Blacklist vs whitelist onebox


(Eric Vantillard) #1

Continuing the discussion from Auto-discoverable oneboxer-able links based on whitelist configurable by admin:

I would like to enable onebox for every site that support oEmbed or Open Graph and be able to blacklist some sites in case of improper usage.


(Jeff Atwood) #2

This currently isn’t possible. You’d need to make changes to the onebox gem.


(Kane York) #3

Any implementation of this will likely result in your Discourse instance making spurious calls to non-existent websites while someone is typing, which is a bit wasteful.

The client already makes a lot of calls to /onebox, maybe they should be debounced.


(Eric Vantillard) #4

and would it be possible to create a plugin to enable OEmbed discovery ?

like this plugin for wordpress Enable oEmbed Discovery — WordPress Plugins

see oEmbed


(Sam Saffron) #5

I just hit this exact issue again today, this is something I would also like build.

In particular for internal Discourse instances there is zero reason to blacklist any sites. In general, I am not really sure what the value is of the whitelist approach. Facebook and Twitter seem to be coping just fine with a blacklist approach.

I guess the big question is:

What kind of abuse does the onebox whitelist only approach prevent? Honestly I am struggling really hard to think of any.

@eviltrout ? @codinghorror ?


(Jeff Atwood) #6

The idea was to be safe by default but relax it over time, as opengraph and oembed become more common on the web. I would still prefer to see mini oneboxer implemented before we do that though.


(Sam Saffron) #7

That is what I am struggling with, what is “insecure” opening the open-graph floodgates? I just can’t think of anything really, we already download images from arbitrary sources in our pipeline which is far more risky.
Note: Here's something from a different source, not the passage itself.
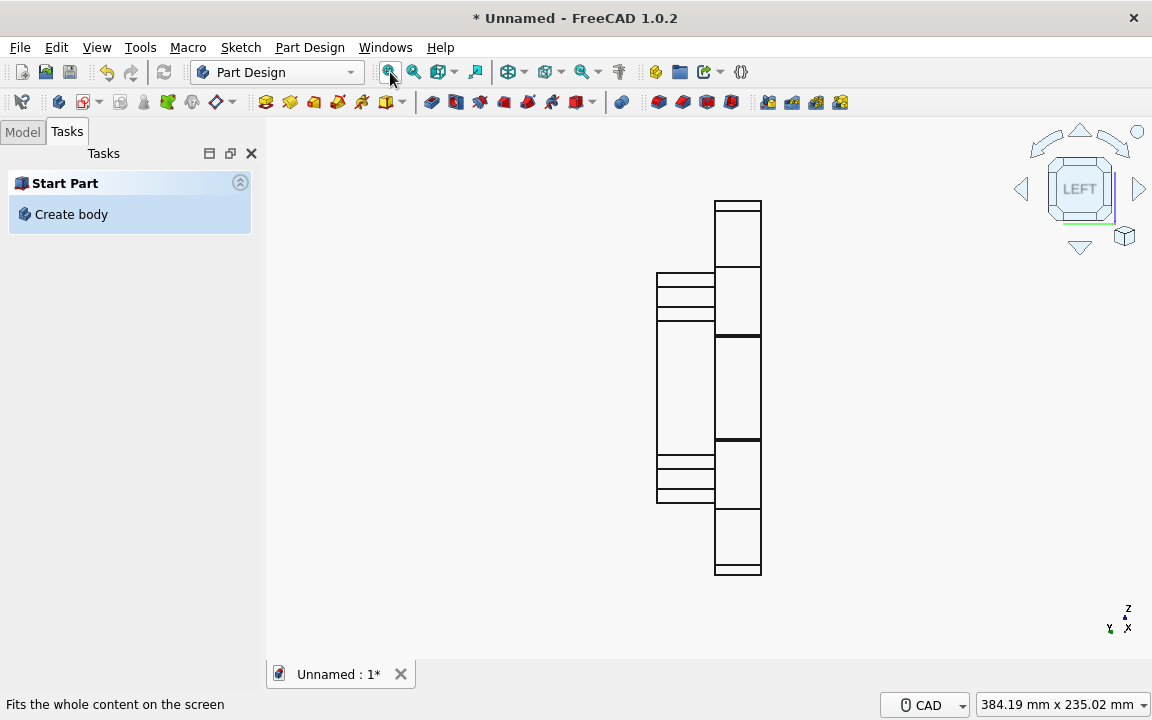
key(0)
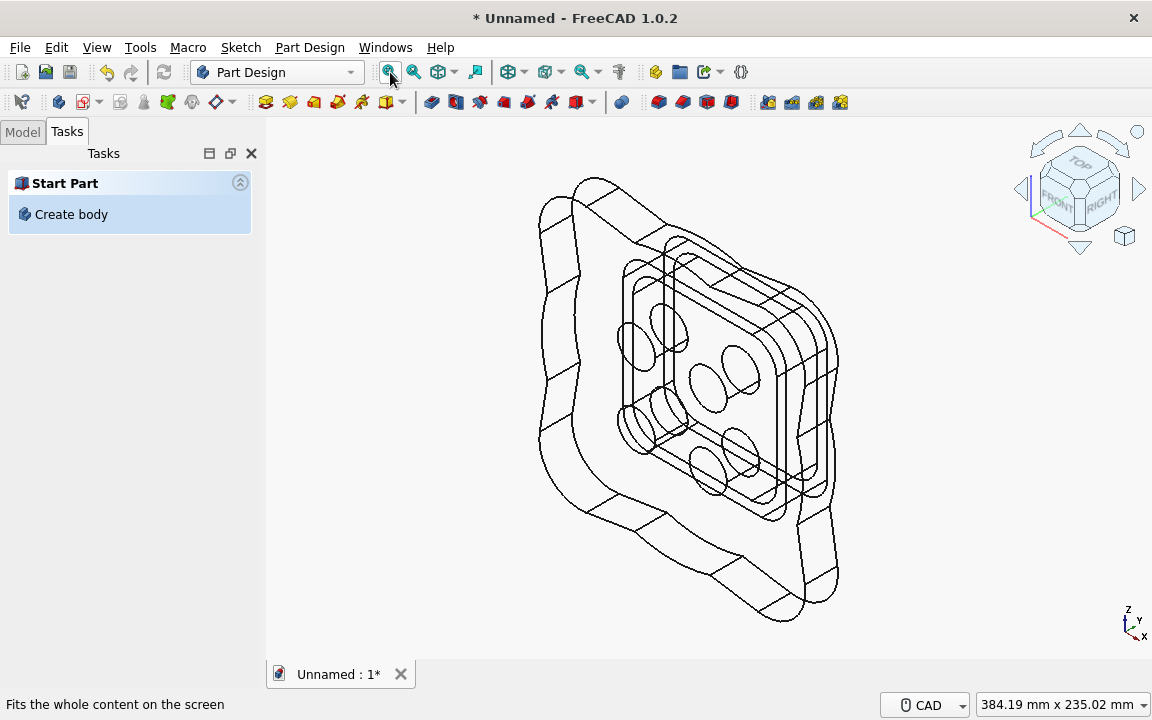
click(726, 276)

Not at all against mini-onebox, in fact this would tie in to mini-onebox work. Just struggling real hard to figure out what we are protecting against here.


(Robin Ward) #9

For the record I always thought it should be blacklist, not whitelist, but I also had no problem erring on the side of security. In early discussions I believe @codinghorror insisted it should be whitelist.


(Kane York) #10

Yeah I think only oEmbed needs whitelisting, and even then most of the oEmbed returns are unusable due to <script>s.


(Eugen Rochko) #11

Please change this from whitelist to blacklist. This is hurting the decentralized web. With the rise of Mastodon as an alternative federated social media platform I believe this becomes more important than ever. You can’t whitelist every potential Mastodon URL out there - there’s over 2000 different servers. All support OEmbed via discovery, since it’s an open standard specifically for this use case. But Discourse won’t work with any of them because of this choice.

Last time I checked Discourse sanitizes OEmbed html and strips out any scripts, allowing only pure iframes and other safe elements. So I do not see this as an issue defined by security risks.

@codinghorror @eviltrout


(Jeff Atwood) #12

This was changed some time ago and is already how it works today. Did you try it yourself?


(Eugen Rochko) #13

Is it behind a setting? I just tried it on my hosted Discourse and it didn’t work.

Excuse me while I try it right here:

Hm nope, doesn’t work - displays the OpenGraph tags instead. Before you ask - I did test the OEmbed discovery implementation on Mastodon’s side using other OEmbed tools.


(Jeff Atwood) #14

Looks correct to me. I see zero issues.


(Kane York) #15

They’re saying that the oEmbed format would be preferred, and oembed is still on an (extremely strict) whitelist (because a lot of oembed stuff is broken, so Discourse preferring it by default would result in a lot of broken stuff).